We present an end-to-end computer vision pipeline to detect non-nutritive sucking (NNS) -- an infant sucking pattern with no nutrition delivered -- as a potential biomarker for developmental delays, using off-the-shelf baby monitor video footage. One barrier to clinical (or algorithmic) assessment of NNS stems from its sparsity, requiring experts to wade through hours of footage to find minutes of relevant activity. Our NNS activity segmentation algorithm solves this problem by identifying periods of NNS with high certainty -- up to 94.0\% average precision and 84.9\% average recall across 30 heterogeneous 60 s clips, drawn from our manually annotated NNS clinical in-crib dataset of 183 hours of overnight baby monitor footage from 19 infants.
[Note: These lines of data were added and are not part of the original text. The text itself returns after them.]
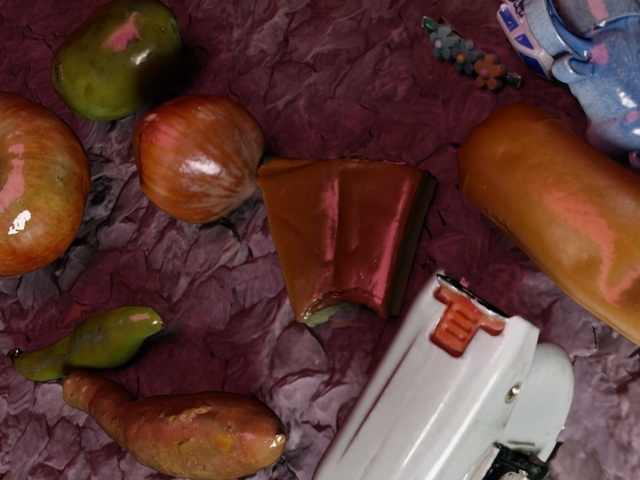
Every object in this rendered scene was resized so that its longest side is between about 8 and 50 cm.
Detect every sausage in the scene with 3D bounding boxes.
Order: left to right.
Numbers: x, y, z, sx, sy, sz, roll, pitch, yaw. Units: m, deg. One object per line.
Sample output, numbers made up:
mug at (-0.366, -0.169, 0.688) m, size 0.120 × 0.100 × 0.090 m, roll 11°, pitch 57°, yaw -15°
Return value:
sausage at (0.278, -0.002, 0.813) m, size 0.134 × 0.116 × 0.354 m, roll -36°, pitch 54°, yaw -6°

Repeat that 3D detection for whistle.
whistle at (0.297, -0.202, 0.873) m, size 0.093 × 0.180 × 0.268 m, roll -26°, pitch 77°, yaw 53°

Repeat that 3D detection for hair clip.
hair clip at (0.181, -0.231, 1.041) m, size 0.049 × 0.049 × 0.173 m, roll -45°, pitch 52°, yaw 5°

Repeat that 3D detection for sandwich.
sandwich at (0.000, 0.000, 1.018) m, size 0.245 × 0.063 × 0.212 m, roll 6°, pitch 71°, yaw 36°

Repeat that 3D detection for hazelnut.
hazelnut at (-0.166, -0.114, 1.115) m, size 0.182 × 0.182 × 0.182 m, roll -14°, pitch 59°, yaw 26°

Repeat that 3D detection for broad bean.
broad bean at (-0.334, 0.149, 1.147) m, size 0.325 × 0.067 × 0.075 m, roll -18°, pitch 74°, yaw 28°

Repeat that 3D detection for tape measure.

Our method is based on an underlying NNS action recognition algorithm, which uses spatiotemporal deep learning networks and infant-specific pose estimation, achieving 94.9\% accuracy in binary classification of 960 2.5 s balanced NNS vs. non-NNS clips. Tested on our second, independent, and public NNS in-the-wild dataset, NNS recognition classification reaches 92.3\% accuracy, and NNS segmentation achieves 90.8\% precision and 84.2\% recall.

翻译：我们提出了一种端到端计算机视觉流程，利用商用婴儿监控视频素材检测非营养性吸吮（NNS）——一种无营养摄入的婴儿吸吮模式——作为发育迟缓的潜在生物标志物。NNS临床（或算法）评估的一个障碍源于其稀疏性，需要专家花费数小时浏览视频片段以寻找几分钟的相关活动。我们的NNS活动分割算法通过高置信度识别NNS时段解决了这一问题——在30个异构60秒视频片段中，平均精确率高达94.0%，平均召回率达84.9%。这些片段来自我们手动标注的NNS临床婴儿床数据集，包含19名婴儿共183小时夜间监控视频。该方法基于底层NNS动作识别算法，采用时空深度学习网络和婴儿专用姿态估计，在960个2.5秒的平衡NNS与非NNS片段二分类中达到94.9%的准确率。经第二个独立公开的NNS野外数据集测试，NNS识别分类准确率达92.3%，NNS分割的精确率和召回率分别为90.8%和84.2%。